VietNamNet Bridge – The handwriting is on the wall for the death of vocational schools in Vietnam. Increasingly, Vietnamese students who fail their university entrance exams have shown a preference for repeating the exams in ensuing years, or taking manual jobs, than attending vocational schools.

What are vocational schools doing?



{keywords}




Da Nang-based Hoang Dieu Vocational School has kicked off the new enrollment season.

Nguyen Ngoc Thanh, headmaster of the school, complained that there are very few students enrolling, though the school always spends heavily on marketing. It regularly organizes meetings with students at which the school’s officers give career advice.

The school also sends its staff to rural and remote areas to provide information to local students. Most notably, the school offers specific preferences, including tuition remissions and scholarships, in an effort to attract more students.

“We were planning to receive 1,000 students for accountancy, business administration, and restaurant management majors, but we succeeded in finding only 300,” lamented Thanh.

The students most targeted by vocational schools are those who fail the university entrance exams. However, Thanh said he does not expect too many to apply this year, because students would rather enter universities than vocational schools. This is especially the case once the new enrollment mechanism keeps the universities’ doors widely open to high school graduates.

The same complaint has been aired by the other vocational schools, including Viet Tien Technology and Business School, Duc Tri Schools. “Students will flock to universities, while intermediate vocational schools (2-year training schools) will ‘sit idle’,” a teacher of a school in Da Nang City said.

The teacher went on to say that, these days, vocational schools not only have to compete with each other, but also with universities in their scramble for learners. Meanwhile, recent years have seen a continuous rise in the number of universities in Vietnam, many of which are people-founded schools.

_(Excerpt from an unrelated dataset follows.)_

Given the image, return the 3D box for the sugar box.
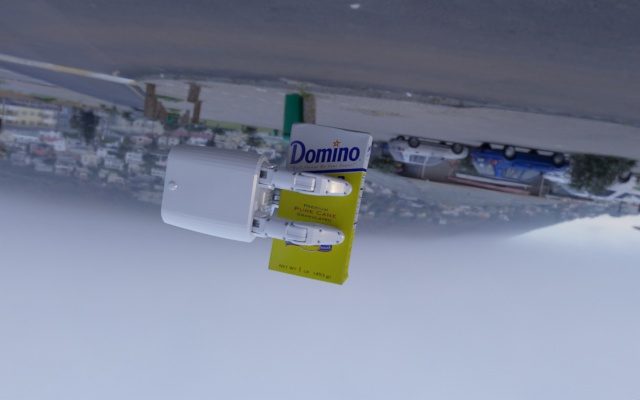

Nguyen Van Dung, Head of the Continuation Education Division of the Da Nang City Education and Training Department, confirmed that a series of vocational schools in the city are “at the point of death”. The 4-story headquarters of the Duc Minh Economics and Technology School, for example, has been seen locked.

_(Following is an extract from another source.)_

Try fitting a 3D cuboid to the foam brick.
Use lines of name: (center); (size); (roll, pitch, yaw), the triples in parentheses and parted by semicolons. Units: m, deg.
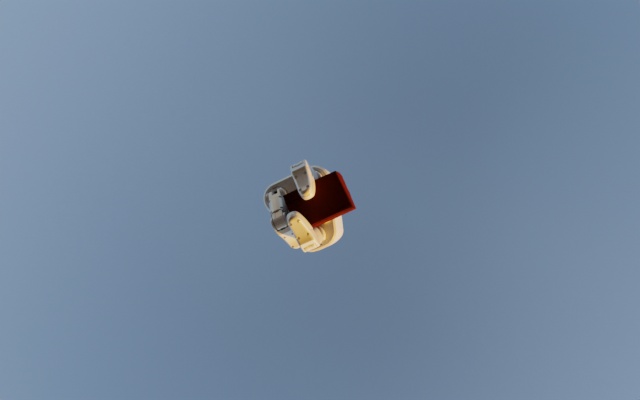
foam brick: (0.000, 0.002, 0.617); (0.078, 0.053, 0.051); (-24, -6, 9)

Nguyen Ngoc Anh, Head of the school’s Training Division, has confirmed that there is now only one class running. Students of the class, having entering the school in 2011, are now in their internship period. Meanwhile, the school has stopped enrolling students over the last two years due to a lack of applicants.

Mien Trung Economics and Technology School looks deserted. Enrollment was suspended in 2013, when the school received only a handful of registrations for study.

Also, according to Dung, the Viet-A Technique School has ceased operation, while many others have halted enrollment. The schools’ managers still don’t know what they should do to survive in the current climate.

Vocational schools are a last resort

A report of the Ministry of Labor, War Invalids and Social Affairs showed that only 5-10 percent of Vietnamese students completing secondary or higher education go on to vocational schools every year.

Vietnam has 1 million high school graduates every year. Of these, 10 percent goes on to vocational schools, while 80 percent takes university entrance exams.

Going to vocational school has become the last resort for Vietnamese students.